# Homework 8: HTTP, REST APIs, Data Formats

You may use the following packages/imports for any of the questions below:

* `bs4` ([docs](https://www.crummy.com/software/BeautifulSoup/bs4/doc/) - should already be installed with Anaconda) 
* `requests` ([docs](https://docs.python-requests.org/en/latest/) - should already be installed with Anaconda)
* `json` (standard library)
* `re` (standard library)

Total questions: 5<br/>
Total points: 8

## Question 1

Write a function called `get_api_header_data` that calls `http://numbersapi.com/21/trivia`, and returns a `dict` of the following keys, with the values found in the response's headers:

* `"Server"`
* `"Content-Type"`
* `"Content-Length"`

[1 point]

In [1]:
import requests

def get_api_header_data() -> dict:
    resp = requests.get("http://numbersapi.com/21/trivia")
    return {
        "Server": resp.headers["Server"],
        "Content-Type": resp.headers["Content-Type"],
        "Content-Length": resp.headers["Content-Length"],
    }

In [2]:
# autograder tests

# Ensure the returned result is a dictionary
result = get_api_header_data()
assert isinstance(result, dict)

In [3]:
# autograder tests
# Ensure the expected results are returned
actual = get_api_header_data()
assert "nginx/1.4.6 (Ubuntu)" == actual["Server"]
assert "text/plain; charset=utf-8" == actual["Content-Type"]

# Content-Length is variable depending on the number of characters in the fact,
# but it should be able to be casted into an integer.
assert isinstance(int(actual["Content-Length"]), int)

## Question 2

Write a function called `post_data` that takes one argument, `data` (a dictionary), and returns a `requests.Response` object.

This function should submit a `POST` request to the url `https://httpbin.org/post`. The request should post the `data` argument as JSON. It should also set the headers `"Content-Type"` and `"Accept"` to the appropriate [MIME type](https://developer.mozilla.org/en-US/docs/Web/HTTP/Basics_of_HTTP/MIME_types) for sending JSON data. Finally, it should return the response received from the post request.

[2 points]

In [4]:
import json
import requests

def post_data(data):
    headers = {
        "Content-Type": "application/json",
        "Accept": "application/json",
    }
    resp = requests.post("https://httpbin.org/post", headers=headers, json=data)
    # also accepted:
    # data = json.dumps(data)
    # resp = requests.post("https://httpbin.org/post", headers=headers, data=data)
    return resp


In [5]:
# autograder tests
result = post_data({"foo": "bar", "baz": "blah"})

# Ensure the correct type is returned
assert isinstance(result, requests.Response)

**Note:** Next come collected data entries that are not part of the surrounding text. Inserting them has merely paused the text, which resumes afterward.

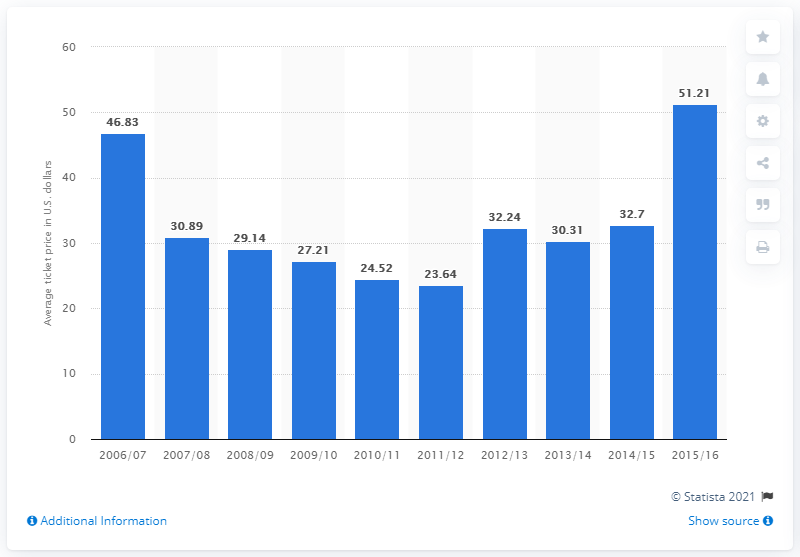Give some essential details in this illustration. The average ticket price for Washington Wizards games in the 2006/2007 season was $46.83. 
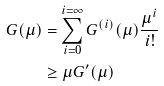Convert formula to latex. <formula><loc_0><loc_0><loc_500><loc_500>G ( \mu ) & = \sum _ { i = 0 } ^ { i = \infty } G ^ { ( i ) } ( \mu ) \frac { \mu ^ { i } } { i ! } \\ & \geq \mu G ^ { \prime } ( \mu )</formula> 
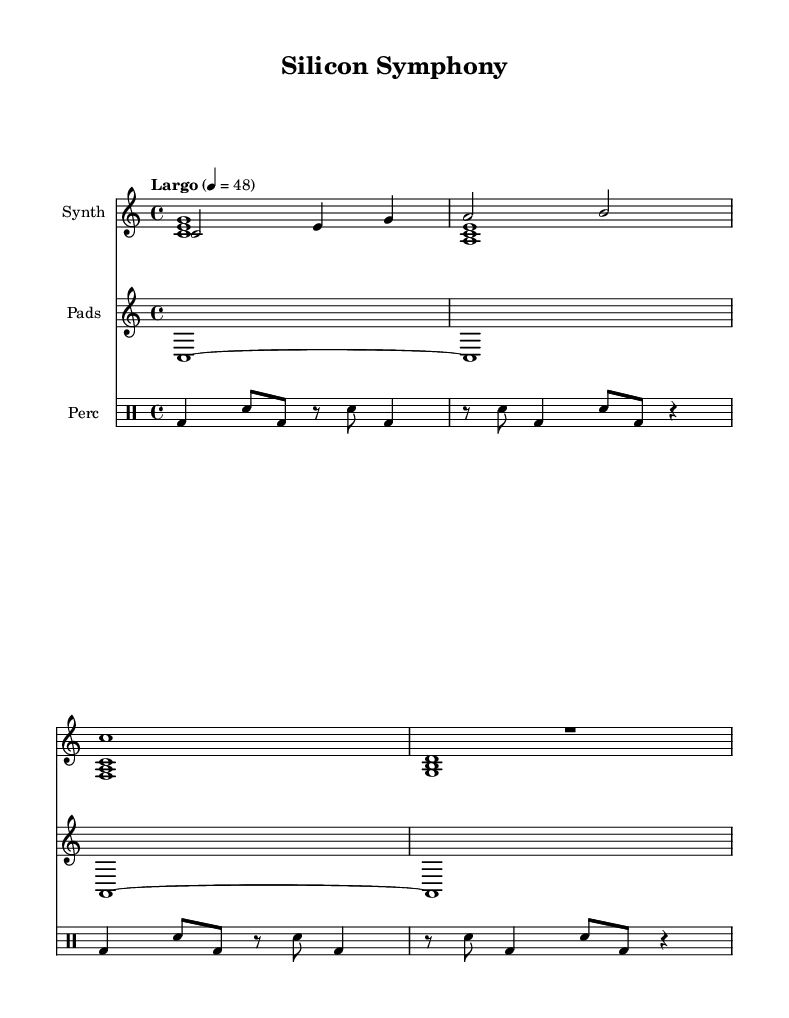What is the key signature of this music? The key signature shown at the beginning of the score indicates C major, which has no sharps or flats.
Answer: C major What is the time signature of the piece? The time signature displayed in the score is 4/4, meaning there are four beats in each measure and a quarter note receives one beat.
Answer: 4/4 What is the tempo marking for the music? The tempo marking is found at the beginning of the score, indicating that the piece should be played at a Largo tempo, specifically 48 beats per minute.
Answer: Largo 4 = 48 How many measures are in the synthesizer part? Counting the measures in the synthesizer part, there are a total of four measures shown.
Answer: 4 measures What is the highest note played by the electric piano? Reviewing the electric piano part, the highest note played is a D, which occurs in the last chord of the sequence.
Answer: D Which instrument plays a bass drum (bd) in the percussion section? The percussion part includes a bass drum indicated by the abbreviation "bd," which is present in multiple measures of the percussion section.
Answer: Bass drum What type of texture is primarily present in this soundtrack? The piece exhibits a layered texture with multiple voices and pads, creating an ambient soundscape typical of soundtracks designed to emulate complex environments like data centers.
Answer: Layered texture 
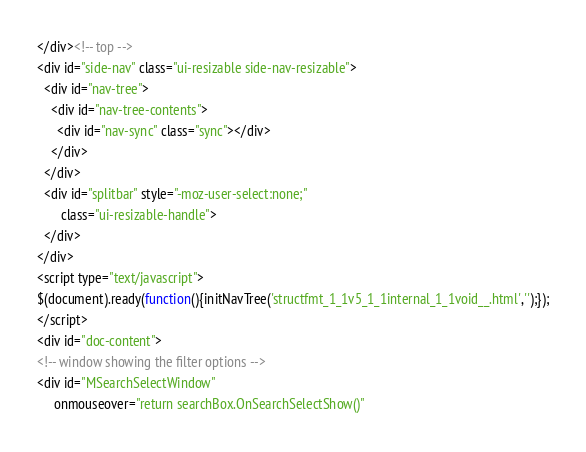<code> <loc_0><loc_0><loc_500><loc_500><_HTML_></div><!-- top -->
<div id="side-nav" class="ui-resizable side-nav-resizable">
  <div id="nav-tree">
    <div id="nav-tree-contents">
      <div id="nav-sync" class="sync"></div>
    </div>
  </div>
  <div id="splitbar" style="-moz-user-select:none;" 
       class="ui-resizable-handle">
  </div>
</div>
<script type="text/javascript">
$(document).ready(function(){initNavTree('structfmt_1_1v5_1_1internal_1_1void__.html','');});
</script>
<div id="doc-content">
<!-- window showing the filter options -->
<div id="MSearchSelectWindow"
     onmouseover="return searchBox.OnSearchSelectShow()"</code> 
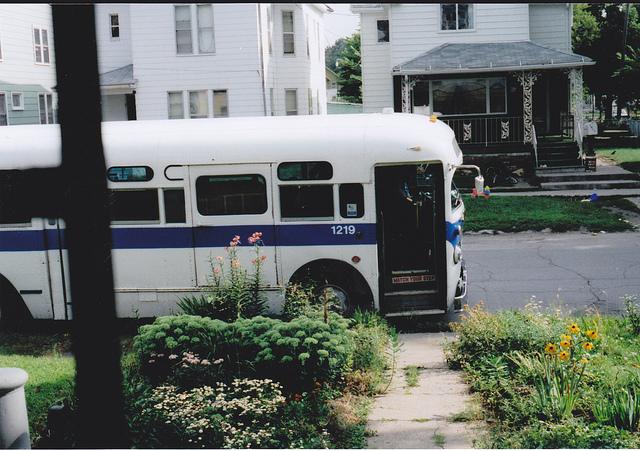How many vehicles are in the shot?
Short answer required. 1. Are they in the u.s.?
Answer briefly. Yes. Where is this?
Keep it brief. Town. What is the bus number?
Concise answer only. 1219. What color are the flowers?
Quick response, please. Yellow. Is this bus about to leave?
Quick response, please. Yes. Is this a city bus?
Keep it brief. Yes. What color is the bus?
Keep it brief. White. Is the bus equipped for handicapped passengers?
Answer briefly. Yes. What is the last number in the bus?
Be succinct. 9.

# Ensure the correct request method was used
assert "POST" == result.request.method

In [7]:
# autograder tests
result = post_data({"foo": "bar", "baz": "blah"})
json_data = json.dumps({"foo": "bar", "baz": "blah"})
exp_req_headers = {
    "Content-Length": str(len(json_data)),
    "Content-Type": "application/json",
    "Accept": "application/json"
}

# Ensure the correct headers were sent in the request
for exp_key, exp_val in exp_req_headers.items():
    assert exp_val == result.request.headers[exp_key]

In [8]:
# autograder tests
result = post_data({"foo": "bar", "baz": "blah"})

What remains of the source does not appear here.